Now let’s design the app,

from fastapi import FastAPI, HTTPException
from pydantic import BaseModel
from pymongo.mongo_client import MongoClient
import redis


r = redis.Redis(host='localhost', port=6379, decode_responses=True)
app = FastAPI()

# Mongo Db Connection
MONGO_CONN_STR = "mongodb://localhost:27017"
mongo_client = MongoClient(MONGO_CONN_STR)
database = mongo_client['test']
collection = database["todos"]

class Todo(BaseModel):
    id: str
    name: str
    description: str = None

@app.post("/todos/")
def create_todo(todo: Todo):
    collection.insert_one(todo.dict())
    return {} 

@app.get("/todos/{todo_id}", response_model=Todo)
def read_item(todo_id: str):
    res = r.json().get(todo_id)
    if res:
        return res
    raise HTTPException(status_code=404, detail="Item not found")

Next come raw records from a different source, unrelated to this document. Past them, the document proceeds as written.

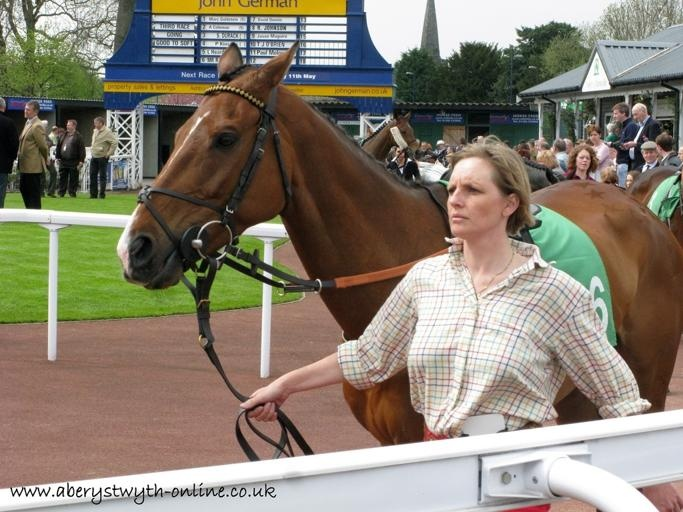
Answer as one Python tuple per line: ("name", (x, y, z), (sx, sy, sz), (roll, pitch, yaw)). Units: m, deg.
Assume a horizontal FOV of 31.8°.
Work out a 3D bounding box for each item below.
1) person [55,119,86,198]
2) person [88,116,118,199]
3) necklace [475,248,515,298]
("person", (-4.648, -1.689, 20.741), (0.489, 1.404, 1.080), (-1, 13, -13))
("person", (-4.000, -1.645, 20.297), (0.435, 1.388, 1.072), (0, 13, -12))
("necklace", (0.833, 0.090, 6.671), (0.158, 0.307, 0.052), (40, 12, 9))
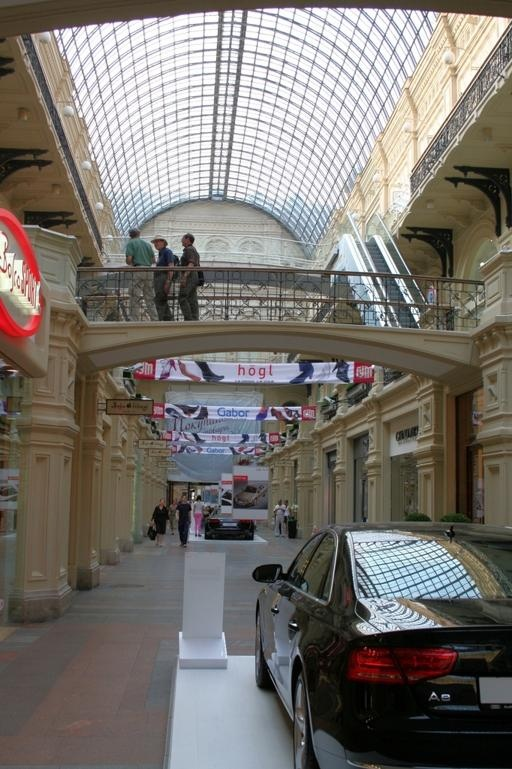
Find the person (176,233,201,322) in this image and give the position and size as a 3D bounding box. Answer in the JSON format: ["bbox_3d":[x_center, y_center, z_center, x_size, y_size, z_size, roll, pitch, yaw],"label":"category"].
[{"bbox_3d":[-1.384,-2.352,13.256,0.531,2.340,1.097,2,-11,-8],"label":"person"}]
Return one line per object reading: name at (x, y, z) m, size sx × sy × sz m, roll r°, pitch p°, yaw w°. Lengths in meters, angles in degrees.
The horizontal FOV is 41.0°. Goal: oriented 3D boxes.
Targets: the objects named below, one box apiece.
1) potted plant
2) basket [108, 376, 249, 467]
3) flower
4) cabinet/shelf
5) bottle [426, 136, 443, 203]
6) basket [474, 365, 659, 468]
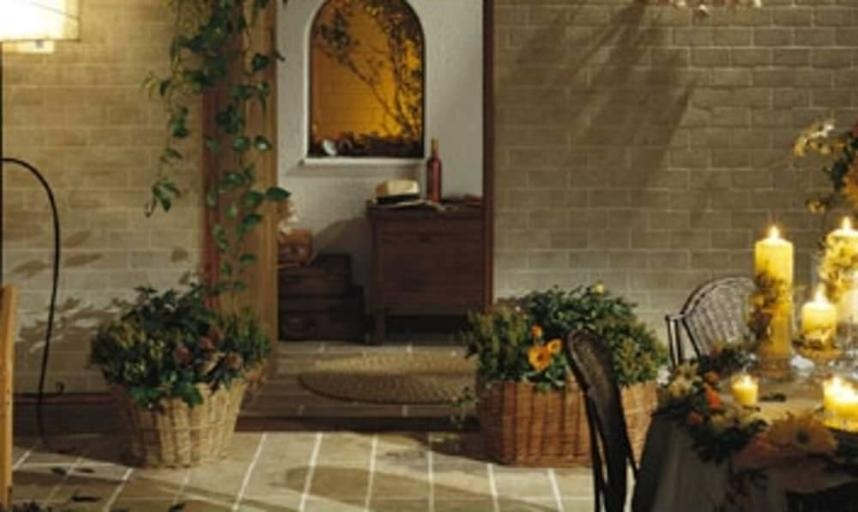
potted plant at (-1.581, 0.775, 7.212) m, size 1.134 × 1.101 × 1.137 m, roll -2°, pitch 3°, yaw -23°
basket at (-1.474, 1.161, 7.055) m, size 0.554 × 0.351 × 0.517 m, roll 20°, pitch -36°, yaw -40°
flower at (0.767, 0.485, 6.998) m, size 0.830 × 0.322 × 0.754 m, roll -1°, pitch 6°, yaw -5°
cabinet/shelf at (0.034, -0.063, 9.698) m, size 1.058 × 1.326 × 1.353 m, roll -1°, pitch 26°, yaw -2°
bottle at (0.040, -0.720, 9.784) m, size 0.137 × 0.542 × 0.315 m, roll 1°, pitch 4°, yaw 1°
basket at (0.776, 0.976, 6.911) m, size 0.782 × 0.358 × 0.590 m, roll 1°, pitch -4°, yaw 0°
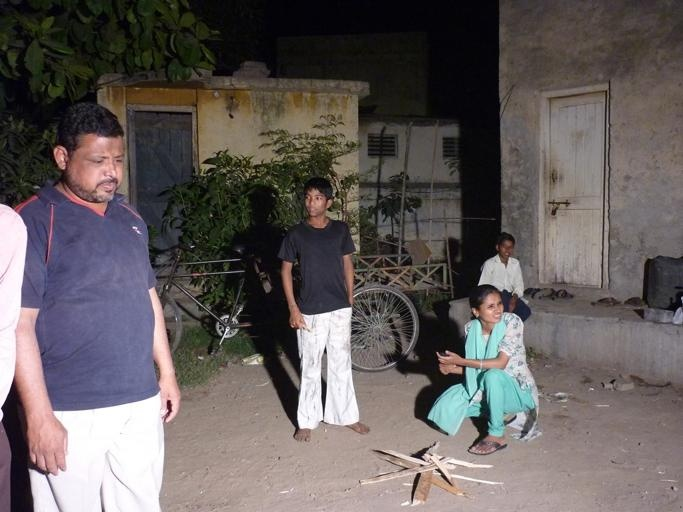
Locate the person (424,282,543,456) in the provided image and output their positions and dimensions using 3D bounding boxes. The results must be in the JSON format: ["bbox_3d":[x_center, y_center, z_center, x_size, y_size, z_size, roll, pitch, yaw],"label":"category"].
[{"bbox_3d":[1.353,1.021,6.055,0.998,1.456,0.757,-1,13,-1],"label":"person"}]

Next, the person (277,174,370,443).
[{"bbox_3d":[-0.175,0.498,6.216,0.798,2.459,0.614,-3,13,-8],"label":"person"}]

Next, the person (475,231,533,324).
[{"bbox_3d":[2.044,0.261,7.984,0.685,1.046,0.701,7,20,18],"label":"person"}]

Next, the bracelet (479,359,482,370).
[{"bbox_3d":[1.297,1.009,6.018,0.032,0.086,0.029,2,13,14],"label":"bracelet"}]

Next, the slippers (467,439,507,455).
[{"bbox_3d":[1.323,1.736,5.899,0.258,0.086,0.141,-1,-3,-21],"label":"slippers"}]
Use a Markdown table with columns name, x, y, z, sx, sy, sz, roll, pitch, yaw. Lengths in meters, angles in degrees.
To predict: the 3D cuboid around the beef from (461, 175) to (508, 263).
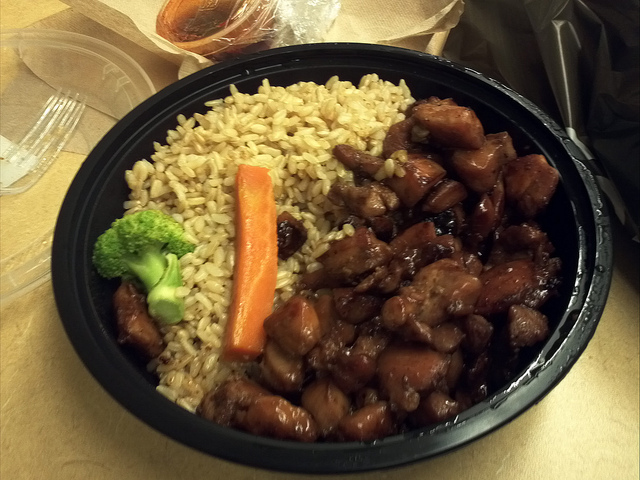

The flow will be like this,

Drawbacks

  1. For initial every request there is a cache miss. If the requested items aren’t repeating in a good percentage, then this will create latency.
  2. What happens if the record been updated in the database, but not in redis. Do we need to write on every update ?
  3. In a distributed system, if a node fails, it will be replaced by a new empty node. This will increase the latency. (this can be overcomed with replication of the data).
  4. All drawbacks of cache aside also follows here.

When to use ?

  1. If your application has a read heavy workloads.
  2. If you not have a highly dynamic data.